With the holidays in full swing, it is bringing back lots of wonderful memories with family along with a bit of melancholy thinking about all the people who are no longer with us. However, one of my favorite things during the holiday season is the fun stories we tell each other when the family gets together.
And in the holiday spirit, I’d like to share one of those stories with you about something that happened years ago when I was a teenager.
My mother and I were the cooks in the family and during the holidays we went all out. I should say SHE went all out as I was just the kitchen helper. I would cut everything up and just do whatever she needed to help her manage all the dishes she was making.
In preparation for one of our festive family dinners, my mother and I went to the grocery store to shop for all the ingredients. While there I noticed how pushy and grumpy a lot of the people were. I guess the holidays bring this out in some people.
I loved when we did things together, even if it was just shopping for food. Well, mom and I were in the bread aisle getting rolls for dinner and bread for after-the-holiday turkey sandwiches. Yummy!
And there was a mother and her child and an older couple there with us. The child was screaming and crying, her mother was at wit’s end and angry with the child, and the older couple was judgmental and grumpy about the whole thing.
Now you’d think that everyone was just thinking about getting what they needed and getting away. They probably were, but not my mother. She was always trying to help others in any way she could. I could see that mischievous smile she had and I knew she had thought of something.
She told me to go to the end of the aisle, right past the child in the shopping cart screaming. Once I was there, she yelled “food fight” and she threw a bag of rolls at me. She winked at me and smiled. I had a loaf of bread in my hands and I threw it to my mother over the child.
We then started to laugh and we threw each other the rolls and the bread a few times.
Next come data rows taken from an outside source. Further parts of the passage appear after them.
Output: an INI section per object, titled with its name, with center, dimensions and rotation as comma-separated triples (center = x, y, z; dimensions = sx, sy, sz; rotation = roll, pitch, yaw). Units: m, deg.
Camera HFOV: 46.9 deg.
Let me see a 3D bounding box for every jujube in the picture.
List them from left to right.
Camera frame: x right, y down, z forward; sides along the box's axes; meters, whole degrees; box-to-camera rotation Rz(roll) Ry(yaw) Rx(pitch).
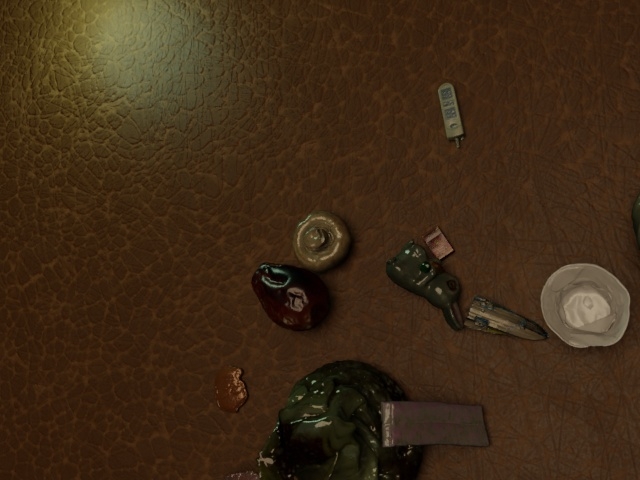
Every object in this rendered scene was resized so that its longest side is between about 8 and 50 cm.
[jujube]
center = -0.088, 0.141, 1.976
dimensions = 0.236, 0.168, 0.168
rotation = 32, 92, 30

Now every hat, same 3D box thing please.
[hat]
center = 0.614, 0.156, 1.707
dimensions = 0.203, 0.126, 0.203
rotation = -4, 78, 21

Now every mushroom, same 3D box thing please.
[mushroom]
center = 0.000, 0.000, 1.982
dimensions = 0.166, 0.127, 0.166
rotation = -7, 71, 20

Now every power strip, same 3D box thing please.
[power strip]
center = 0.348, -0.335, 1.960
dimensions = 0.048, 0.030, 0.191
rotation = -14, 74, 19

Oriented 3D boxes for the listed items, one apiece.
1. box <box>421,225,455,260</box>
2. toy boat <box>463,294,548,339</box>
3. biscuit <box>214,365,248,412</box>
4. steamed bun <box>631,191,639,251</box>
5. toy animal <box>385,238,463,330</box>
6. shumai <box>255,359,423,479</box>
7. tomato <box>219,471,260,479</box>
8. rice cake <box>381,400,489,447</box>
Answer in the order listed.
[box]
center = 0.305, 0.009, 1.915
dimensions = 0.052, 0.023, 0.082
rotation = -35, 70, 11
[toy boat]
center = 0.454, 0.200, 1.802
dimensions = 0.210, 0.066, 0.084
rotation = 20, 77, 12
[biscuit]
center = -0.252, 0.416, 2.059
dimensions = 0.102, 0.019, 0.130
rotation = -13, 76, 20
[steamed bun]
center = 0.863, -0.005, 1.574
dimensions = 0.343, 0.255, 0.367
rotation = -17, 44, 36
[toy animal]
center = 0.283, 0.115, 1.866
dimensions = 0.251, 0.127, 0.125
rotation = 44, 105, 5
[shumai]
center = 0.039, 0.468, 1.761
dimensions = 0.395, 0.348, 0.394
rotation = -6, 73, 19
[tomato]
center = -0.184, 0.706, 1.926
dimensions = 0.228, 0.112, 0.199
rotation = 7, 75, 24
[rice cake]
center = 0.265, 0.430, 1.727
dimensions = 0.050, 0.298, 0.106
rotation = -24, 62, 57

It was more like playing catch with about 4-5 bags of bread. Then she threw one to the child in the cart and the little girl stopped crying and started laughing. Then she threw it back to my mom. Then the giggling started.
The child’s mother looked extremely relieved and she started to laugh too. A sigh of relief came over her. The older woman still looked disgusted, but her husband started laughing and he even picked up a bag of bread from the floor and threw it over to me.
This only lasted for about 5 minutes, but it changed the entire feeling of everyone there. The older couple walked away, chuckling. The child was now happy and laughing and her mother walked past my mother and said, “thank you”. She now had a new outlook on the rest of her day.
My mom and I picked up the bread, put it in our cart, and continued all our shopping. But she and I had an even better outlook on our day and a great story and experience that brought us even closer. It was fun.
Just that one little thing that took only 5 minutes has given me years of smiling and gave me another thing to love about my mother. She knew how to make someone else smile and how to help that poor mother who couldn’t get her child to stop screaming. Her only purpose was to help that mother by helping her child. And in turn, she helped a few others like that older man and me have a better day.
We laughed and we giggled about it the rest of the day. And isn’t that at the end of the day what it’s all about? It’s having fun, helping others, and enjoying life?
This memory reminds me that as adults we don’t always have to be about work and going through life project to project all the time. We need to take time to have fun and act like a child sometimes. It is not only good for our well-being, but also for those around us.
You can have this with your horse as well. It doesn’t always have to be about “getting the job done”, riding, working, or training. Your horse needs to have fun with you too and play.
It’s so funny when I tell students to go sit with their horses and enjoy just spending time with them doing nothing. It is a foreign concept to do nothing with a horse. They always tell me that they want to be riding, moving, or doing something. It is so hard for them to just relax and be with their horse quietly.
But when they finally settle into this, they can’t get enough of it. It opens their world up to so many amazing things that they never would have seen if they hadn’t slowed down enough. It turns into something that is fun for them and their horse. Yes, it can be fun to do nothing and observe what’s going on around you.
I want to encourage you to have fun with life and with your horse. To look at doing the little things that can create that memory for yourself, your loved ones, and the people around you that you care about. Even your horse.
Have some fun with it and put it into perspective that it’s not all seriousness. It’s not all stress around the holidays. Take some time to enjoy yourself and your horse. I want to encourage you to know that it’s okay to have fun with things even if everything’s not going as planned or is not as smooth as you may start out wanting it to be. Just look for ways to embrace what’s around you and have fun with it.